Lucas es un gato de edad indefinida, un día llegó a la casa cuando era aún un minino adolescente, tierno y juguetón, no era más grande que un ovillo de hilo de mediana proporción. Su piel atigrada le procuraba un aire de felino africano y sus gráciles saltos eran la promesa de un furtivo e indomable cazador.
Cuando llegó al hogar el felino carecía de nombre, era solo un gato que había sido adoptado en la casa con una sola misión, la de exterminar a los roedores que habían decidido mudarse a nuestra morada, sin mayor aviso ni invitación, un día aparecieron por alacenas y cajones, subían y bajaban las escalera, trepaban por los libros y los estantes. Fue Pamela, una niña de feliz mirada, quien lo bautizó como Lucas y él empezó a acostumbrarse a ronronear cada vez que escuchaba su nombre.

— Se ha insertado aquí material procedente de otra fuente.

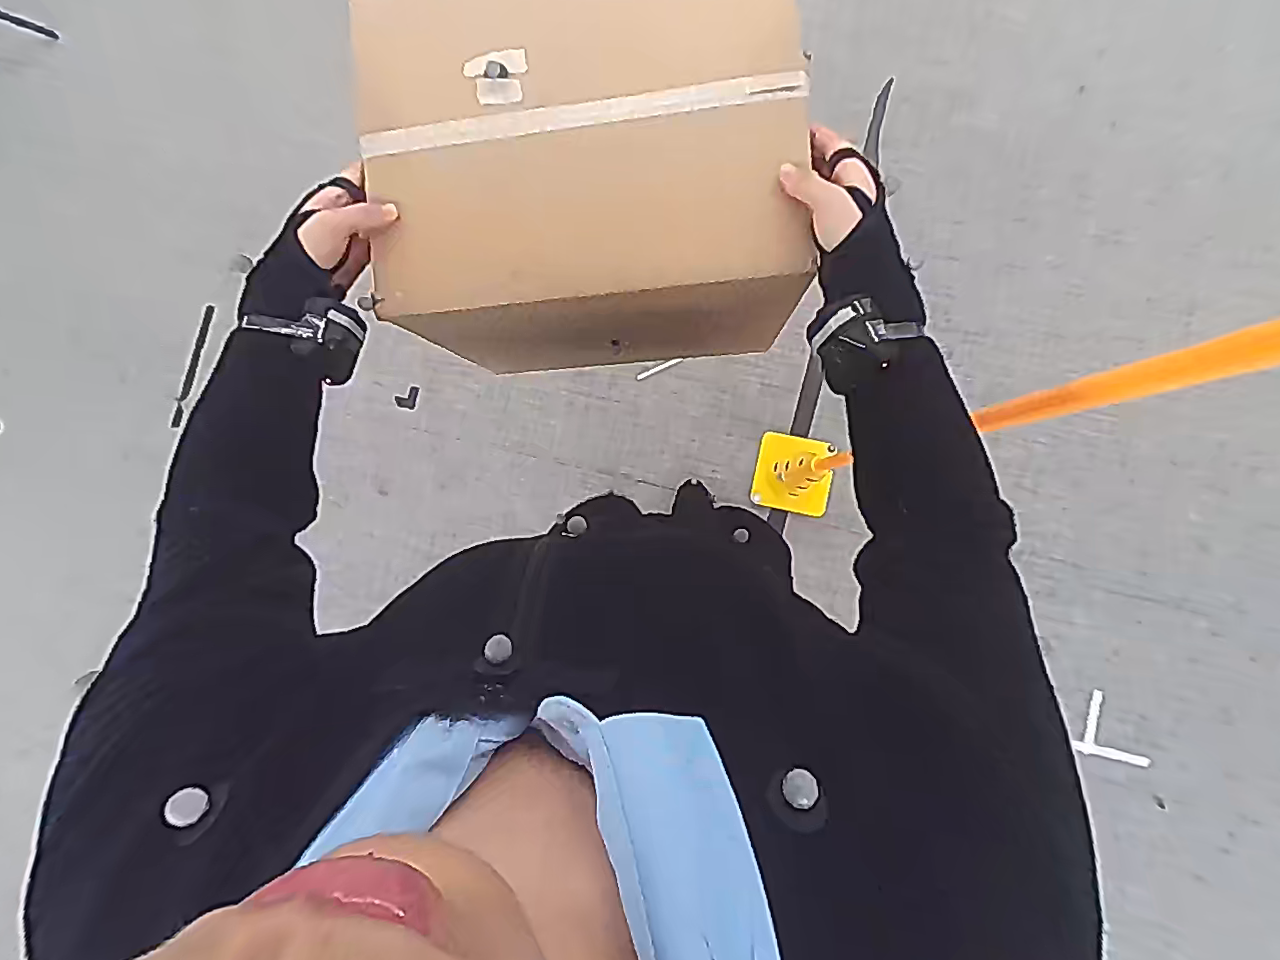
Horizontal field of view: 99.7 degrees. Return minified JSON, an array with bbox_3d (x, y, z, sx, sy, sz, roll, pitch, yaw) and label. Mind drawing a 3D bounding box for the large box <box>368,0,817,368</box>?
[{"bbox_3d":[-0.034,-0.330,0.642,0.408,0.320,0.320,-4,90,7],"label":"large box"}]

Lucas tenía la vida asegurada en la casa, buen sol mañanero, agua fresca, comida procesada, atún dos veces por semana y una gran buganvilla donde trepaba como un puma y su ancestral fuerza felina lo convertía en el tigre de una jungla en miniatura. Lucas era un gato aparentemente feliz mientras sus días pasaban bienhechores y calmos en un mundo que examinaba meticulosamente cada mañana.
Pero un día el azahar hizo que descubriéramos que Lucas tenía un problema, más allá de sus ronroneos no emitía maullidos, solo hacía gestos que denotaban su esfuerzo y su intento por lograrlo, pero nunca se lo oía maullar como a cualquier gato común. Una mañana, Lucas caminaba sigiloso por el patio rodeando la fuente de piedra que se erguía en el patio que era su espacio, cuando cayó de bruces entre temblores y desorbitó los ojos como si estuviera poseído, unos temblores continuos se apoderaron de su cuerpo y empezó a retorcerse sobre el piso acompañando la infausta escena con estirones crueles. Finalmente quedó tendido, inmóvil, desfallecido.

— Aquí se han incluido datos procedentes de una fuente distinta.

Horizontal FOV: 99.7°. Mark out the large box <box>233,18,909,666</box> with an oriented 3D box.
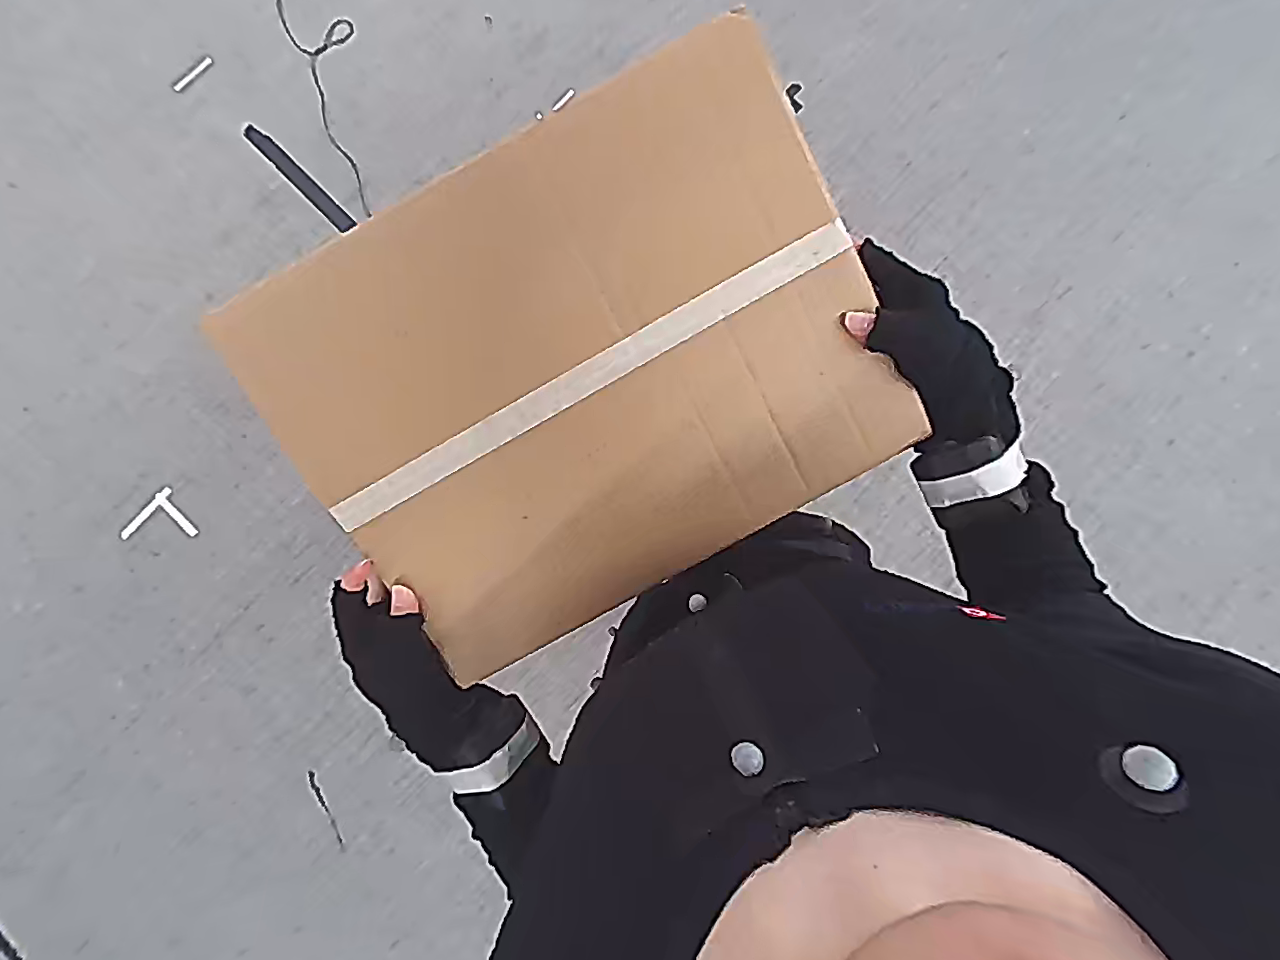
[{"bbox_3d":[-0.048,-0.103,0.535,0.408,0.320,0.320,-29,102,2],"label":"large box"}]

Al parecer Lucas sufría una enfermedad que lo tomaba a menudo por sorpresa, sus ataques se repetían con frecuencia y lo sorprendían en cualquier parte de la casa, en cualquier situación, comiendo o asoleándose, jugando o a punto de dar un salto felino. Luego se recuperaba lentamente.
La enfermedad explicaba el por qué la invasión de roedores en la casa no había menguado pese a su presencia y por qué esos animalillos se paseaban por todos lados ajenos a la presencia del cazaratones. Los roedores habían descubierto que era un felino mudo y que sufría de fieros ataques que le impedían cumplir una labor eficiente.

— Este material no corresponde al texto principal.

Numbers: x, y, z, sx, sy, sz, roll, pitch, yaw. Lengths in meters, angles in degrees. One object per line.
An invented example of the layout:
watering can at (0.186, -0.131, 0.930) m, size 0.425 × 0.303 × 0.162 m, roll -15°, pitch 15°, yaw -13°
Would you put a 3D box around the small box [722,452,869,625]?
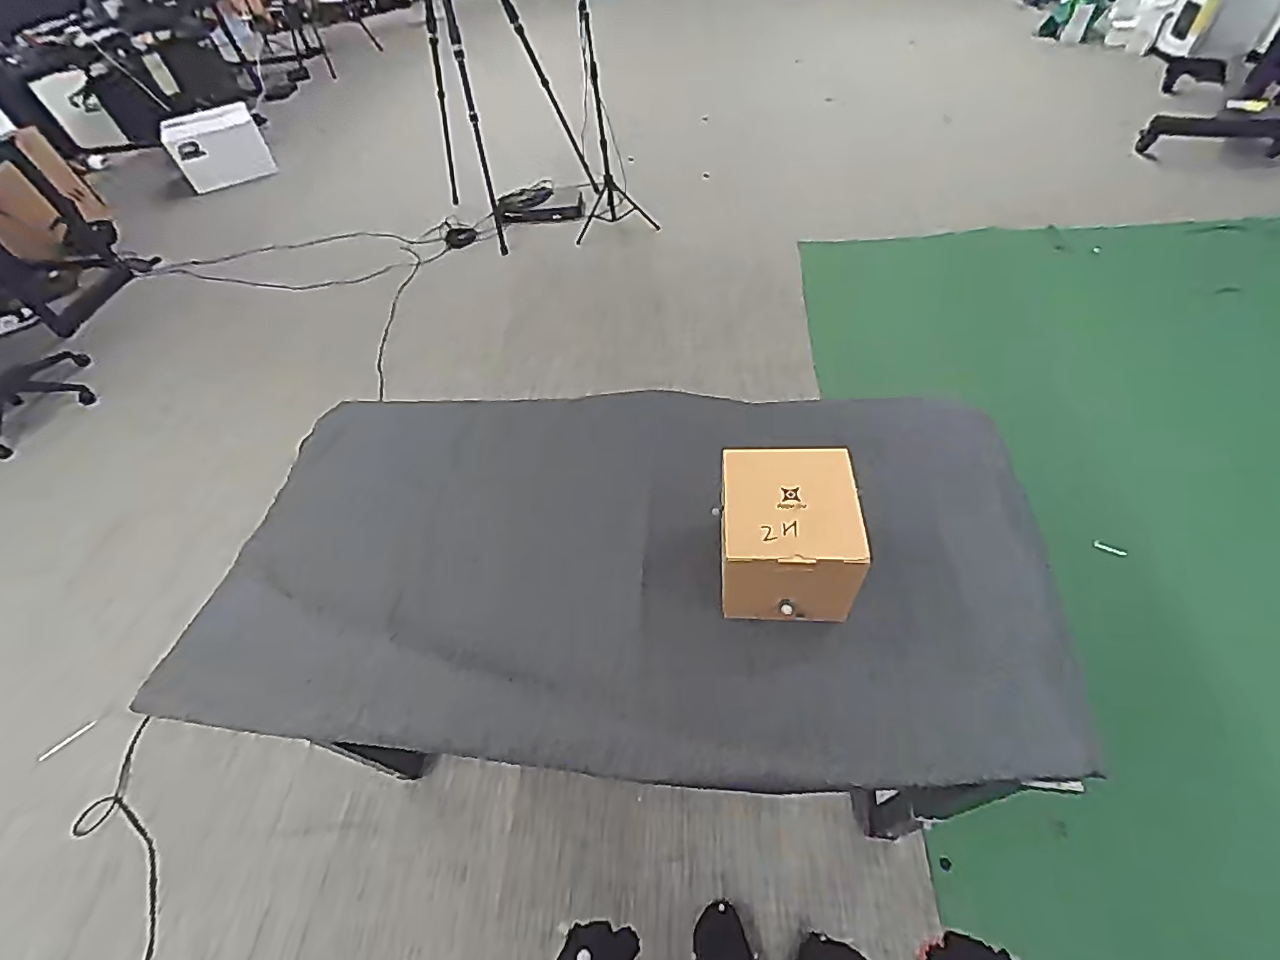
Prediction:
small box at (0.198, 0.080, 0.744) m, size 0.168 × 0.176 × 0.179 m, roll 0°, pitch 51°, yaw 8°

Cierto día, alguien en la casa, descubrió el cadáver de un roedor bajo una silla, la rata yacía junto a las patas del mueble y su muerte era la prueba de que quizás Lucas no era del todo un gato fracasado. Por falta de medios probatorios y testigos, no supimos si Lucas fue el autor del homicidio o no, en realidad no sabremos si fue el felino o si fue una casualidad que la rata vaya a morir a esa parte de la casa. Pero la muerte se le atribuyó a Lucas y con ello recuperó su prestigio y justificó su palaciega existencia.
A veces pienso que la seguridad de Cajamarca es como la historia de Lucas, por eso siempre hurgo entre los sucesos diarios para ver si a “los Lucas” de mi ciudad un día les retorna la voz y vuelven a ser los feroces cazadores de antaño sin silencios ni ataques que hagan que las ratas las miren sin respeto.